Stored items

-*-

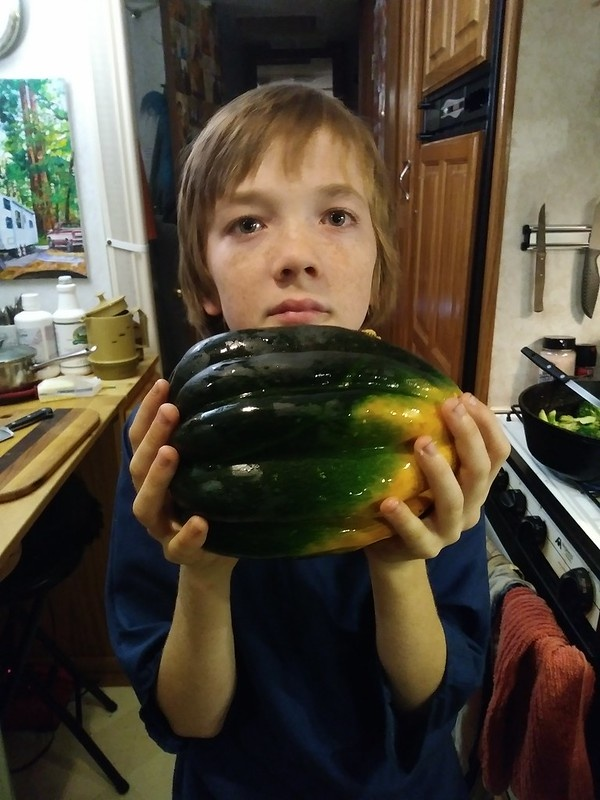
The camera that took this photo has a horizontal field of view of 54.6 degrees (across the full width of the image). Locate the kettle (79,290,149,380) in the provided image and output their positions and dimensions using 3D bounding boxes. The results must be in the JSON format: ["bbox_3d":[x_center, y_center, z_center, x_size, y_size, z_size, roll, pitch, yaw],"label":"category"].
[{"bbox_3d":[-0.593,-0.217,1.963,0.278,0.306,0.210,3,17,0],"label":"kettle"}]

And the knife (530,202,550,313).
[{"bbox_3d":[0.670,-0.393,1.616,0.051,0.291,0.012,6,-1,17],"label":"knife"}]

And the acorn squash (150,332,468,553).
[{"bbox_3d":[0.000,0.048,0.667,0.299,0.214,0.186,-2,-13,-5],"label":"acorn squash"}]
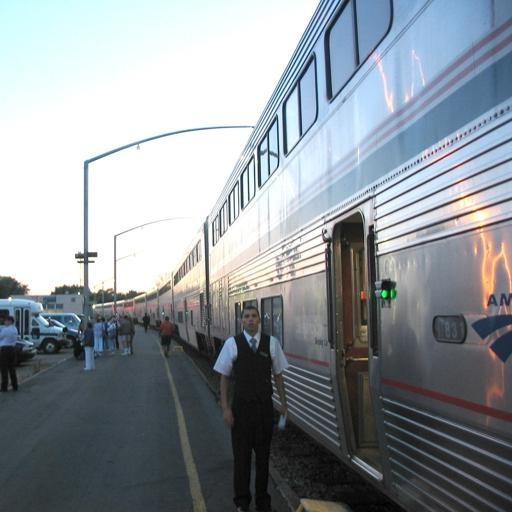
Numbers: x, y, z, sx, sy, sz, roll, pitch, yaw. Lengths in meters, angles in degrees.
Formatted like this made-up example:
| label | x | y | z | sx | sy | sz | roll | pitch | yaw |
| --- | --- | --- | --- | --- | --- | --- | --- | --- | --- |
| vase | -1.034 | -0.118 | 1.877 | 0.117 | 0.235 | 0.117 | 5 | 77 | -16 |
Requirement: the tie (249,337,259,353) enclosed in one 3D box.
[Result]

-*-

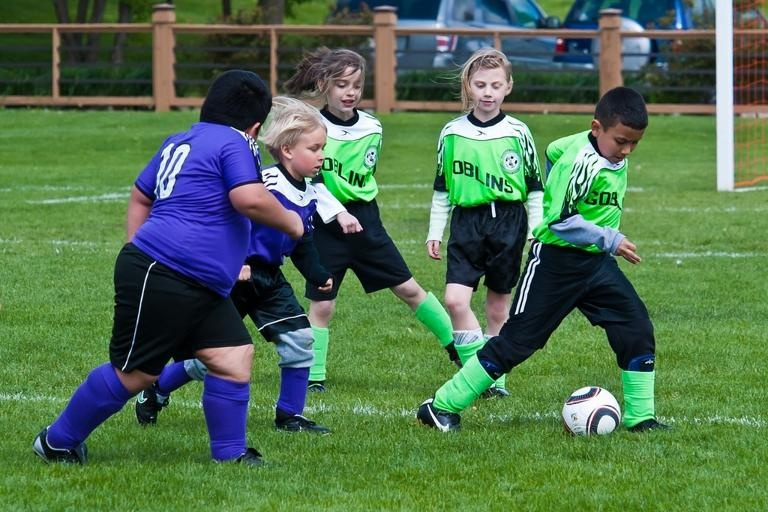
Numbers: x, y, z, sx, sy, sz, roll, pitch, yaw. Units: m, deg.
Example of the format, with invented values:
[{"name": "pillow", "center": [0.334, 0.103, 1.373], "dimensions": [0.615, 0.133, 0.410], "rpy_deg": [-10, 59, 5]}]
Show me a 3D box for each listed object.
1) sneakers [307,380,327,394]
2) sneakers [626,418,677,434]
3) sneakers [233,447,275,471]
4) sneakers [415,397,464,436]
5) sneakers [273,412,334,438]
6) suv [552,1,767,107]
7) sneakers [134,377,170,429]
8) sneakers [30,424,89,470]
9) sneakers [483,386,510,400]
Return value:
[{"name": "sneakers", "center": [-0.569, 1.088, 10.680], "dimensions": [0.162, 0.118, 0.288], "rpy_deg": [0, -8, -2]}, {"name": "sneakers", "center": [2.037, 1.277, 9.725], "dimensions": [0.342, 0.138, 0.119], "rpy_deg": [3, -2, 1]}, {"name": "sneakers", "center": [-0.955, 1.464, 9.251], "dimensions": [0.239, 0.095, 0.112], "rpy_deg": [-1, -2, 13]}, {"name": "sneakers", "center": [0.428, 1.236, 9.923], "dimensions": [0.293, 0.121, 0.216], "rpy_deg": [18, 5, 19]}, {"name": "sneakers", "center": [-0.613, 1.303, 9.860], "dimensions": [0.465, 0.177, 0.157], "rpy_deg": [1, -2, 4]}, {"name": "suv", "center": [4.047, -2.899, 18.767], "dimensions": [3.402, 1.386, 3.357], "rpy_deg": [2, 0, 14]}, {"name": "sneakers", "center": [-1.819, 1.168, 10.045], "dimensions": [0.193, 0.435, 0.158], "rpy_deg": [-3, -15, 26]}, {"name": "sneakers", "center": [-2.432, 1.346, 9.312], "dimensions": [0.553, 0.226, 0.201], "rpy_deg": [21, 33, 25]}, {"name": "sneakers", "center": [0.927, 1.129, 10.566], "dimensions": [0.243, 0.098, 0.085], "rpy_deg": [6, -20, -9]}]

-*-

• _What the task asks_:
Would you please copy exactly the part of the entries above that begins at the line containing "5) sneakers [273,412,334,438]" and ends at the line containing "9) sneakers [483,386,510,400]", both lines included?

• _Answer space_:
5) sneakers [273,412,334,438]
6) suv [552,1,767,107]
7) sneakers [134,377,170,429]
8) sneakers [30,424,89,470]
9) sneakers [483,386,510,400]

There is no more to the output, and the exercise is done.